What is the running time of \(\textsc{Heapsort}\) on an array \(A\) of length \(n\) that is already sorted in increasing order? What about decreasing order?
To analyze heapsort’s performance on sorted inputs, we need to consider two phases separately: building the heap and extracting elements. Unlike quicksort, which performs dramatically differently on sorted versus unsorted data, heapsort’s behavior is more uniform.
Running time for increasing order
When the input array is sorted in increasing order (e.g., \(\langle 1, 2, 3, 4, 5 \rangle\)), it represents the worst possible configuration for a max-heap. The smallest element sits at the root position, and building the max-heap requires extensive restructuring.
During the \(\textsc{Build-Max-Heap}\) phase, we still need \(O(n)\) time regardless of the input order (this is always true for building a heap). However, the structure we create is quite different from what we started with.
In the sorting phase, each call to \(\textsc{Max-Heapify}\) after swapping the root to the end must traverse nearly the full height of the heap.

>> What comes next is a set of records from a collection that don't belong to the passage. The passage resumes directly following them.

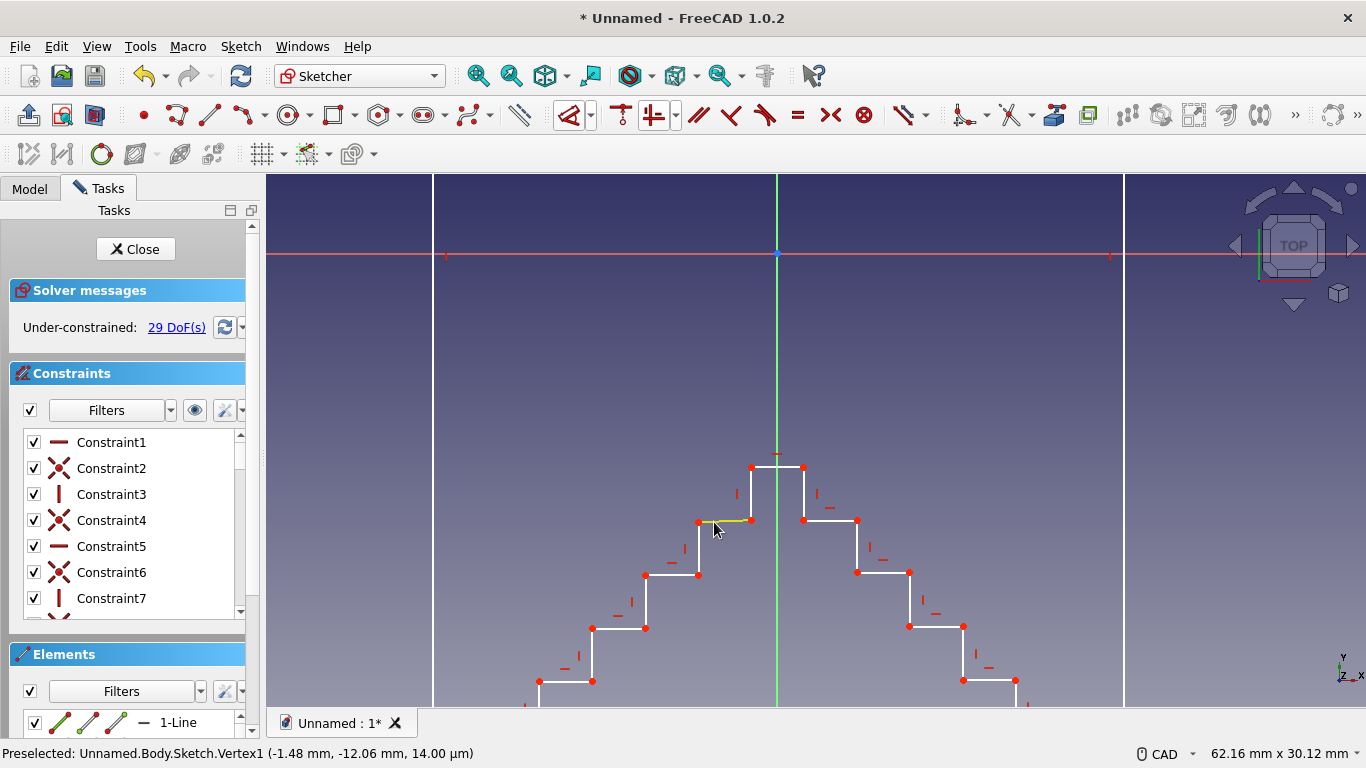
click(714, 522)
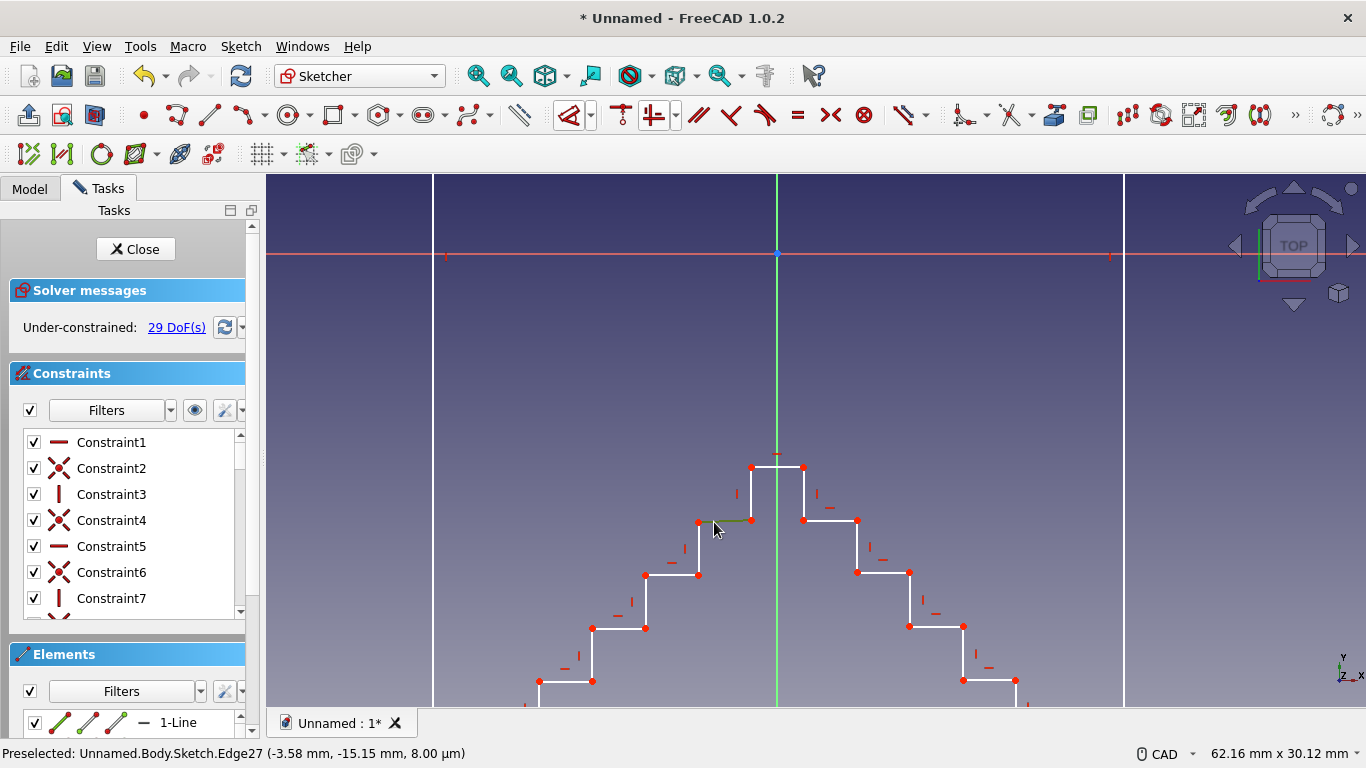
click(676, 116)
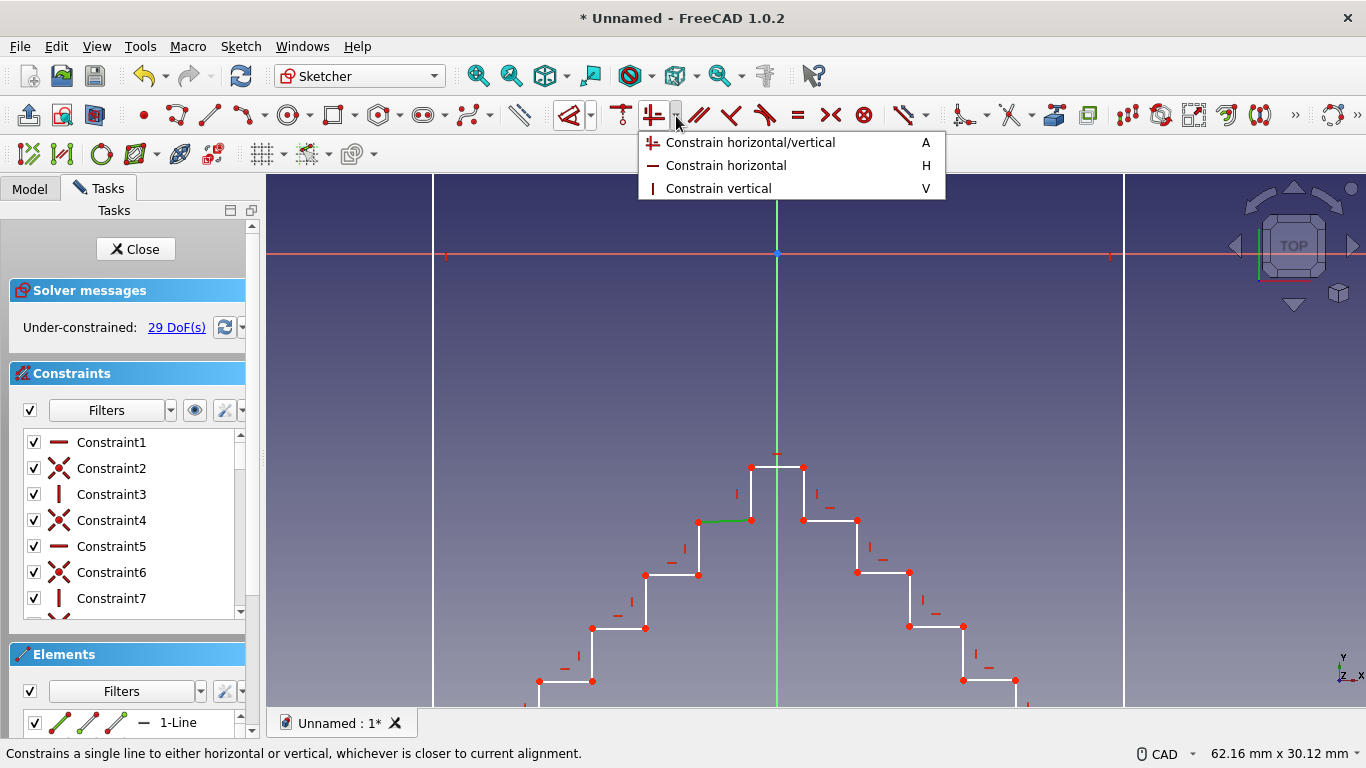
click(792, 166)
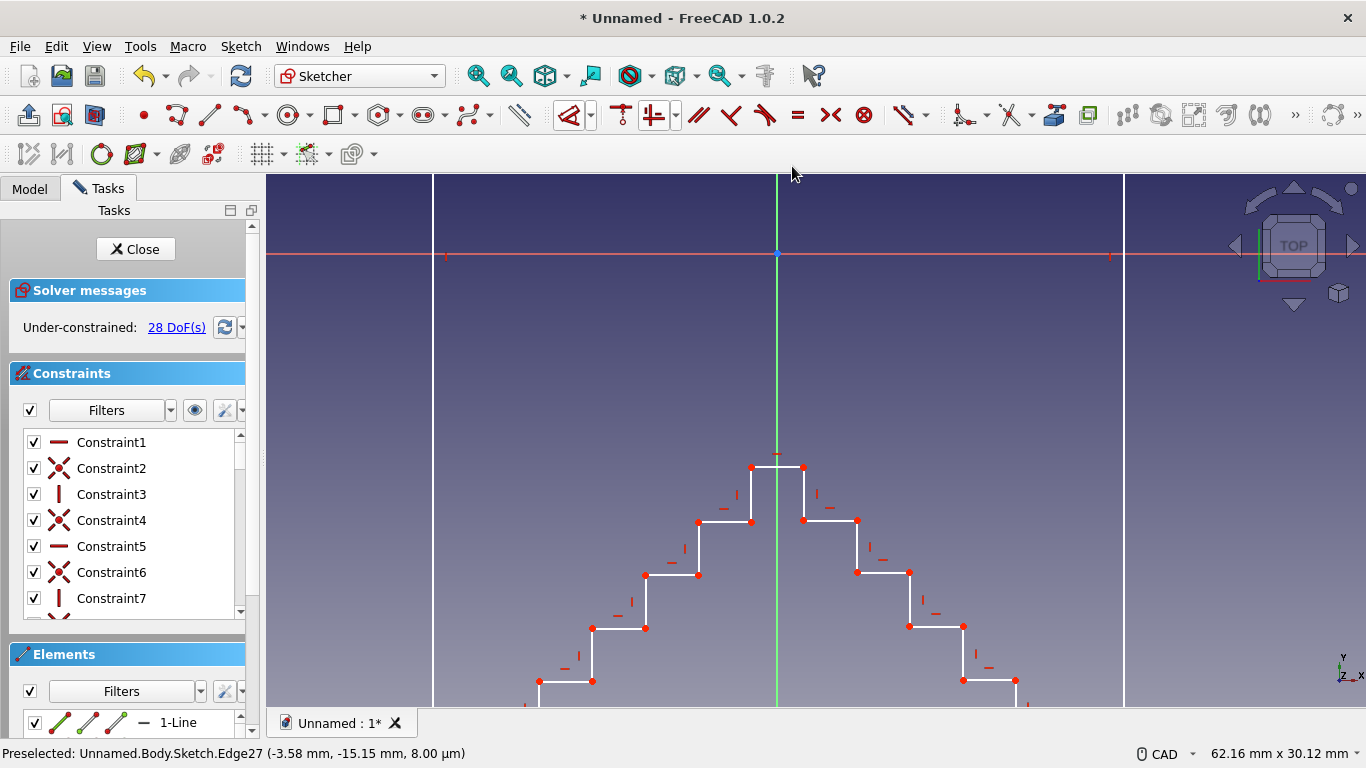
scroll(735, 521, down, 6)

For an array sorted in increasing order, after we build the max-heap, the largest element is at the root. When we remove it and call \(\textsc{Max-Heapify}\), the new root (which came from the last position) is typically much smaller than its children, so it must sink all the way down to a leaf position.
This pattern repeats for all \(n-1\) iterations. Each \(\textsc{Max-Heapify}\) operation takes \(O(\lg n)\) time in the worst case. Therefore, the total running time is \(O(n \lg n)\).
Running time for decreasing order
When the input array is sorted in decreasing order (e.g., \(\langle 5, 4, 3, 2, 1 \rangle\)), it already satisfies the max-heap property. The largest element is at position 1, and each parent is larger than its children.
During \(\textsc{Build-Max-Heap}\), very little work is needed since the array already forms a valid max-heap. However, this doesn’t help us in the sorting phase.
In the sorting phase, we still perform \(n-1\) iterations, each involving a swap and a call to \(\textsc{Max-Heapify}\). Even though we started with a perfect max-heap, after each swap we place a small element at the root, which must sink down through the heap. This still requires \(O(\lg n)\) time per iteration.
Therefore, the running time is still \(O(n \lg n)\).